During the screening phase, informed consent forms were obtained from patients based on office blood pressure. This phase was followed by a period in which the current drug treatment was continued for 4 weeks and ambulatory blood pressure was measured at the end of 4 weeks. Eligibility checks were carried out in two stages: In the first stage, an assessment was made based on ambulatory blood pressure and a renal artery computed tomography scan was performed; In the second stage, renal angiography was performed.

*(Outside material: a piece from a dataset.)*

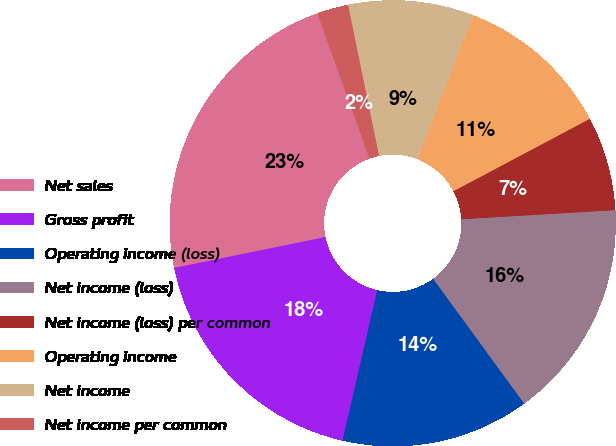<chart> <loc_0><loc_0><loc_500><loc_500><pie_chart><fcel>Net sales<fcel>Gross profit<fcel>Operating income (loss)<fcel>Net income (loss)<fcel>Net income (loss) per common<fcel>Operating income<fcel>Net income<fcel>Net income per common<nl><fcel>22.73%<fcel>18.18%<fcel>13.64%<fcel>15.91%<fcel>6.82%<fcel>11.36%<fcel>9.09%<fcel>2.27%<nl></chart>

Patients who met all eligibility criteria underwent renal artery denervation using the TIVUS™ system. During this procedure, renal nerves were targeted and denervation was achieved using high-intensity unfocused ultrasonic energy.

Results:
The results of the REDUCED 1 study demonstrate the efficacy and safety of the TIVUS™ system in patients with uncontrolled stage 2 hypertension. In the study, an average decrease of 12.0 mmHg in daytime ABPM was observed during the 3-month follow-up period. During the 6-month follow-up period, this decrease reached 13.9 mmHg. The primary endpoint of the study, a decrease of at least 5 mmHg, was achieved in 78.4% of patients at 3 months and in 82.6% at 6 months.
No serious device-related adverse events have been reported during or after renal denervation with the TIVUS™ system. However, post-procedural side effects such as pseudoaneurysm (21 days after the procedure) and eGFR decrease (4 days after the procedure) were observed in some patients. Specific patient numbers regarding adverse events were not given, but these events were evaluated by the CEC (Clinical Events Committee).

Comment
Results from the REDUCED 1 study indicate that the TIVUS™ system is a promising treatment option for patients with uncontrolled stage 2 hypertension. The data obtained in this study demonstrate that the TIVUS™ system significantly reduces daytime systolic ambulatory blood pressure and does so safely. In particular, the absence of serious adverse events emphasizes the safety of the system. The results of the study show that the TIVUS™ system has positive effects on hemodynamic parameters and may improve clinical outcomes in patients with uncontrolled hypertension. These findings indicate that, when supported by larger-scale and long-term studies in the future, the TIVUS™ system may have an important place in the treatment of hypertension.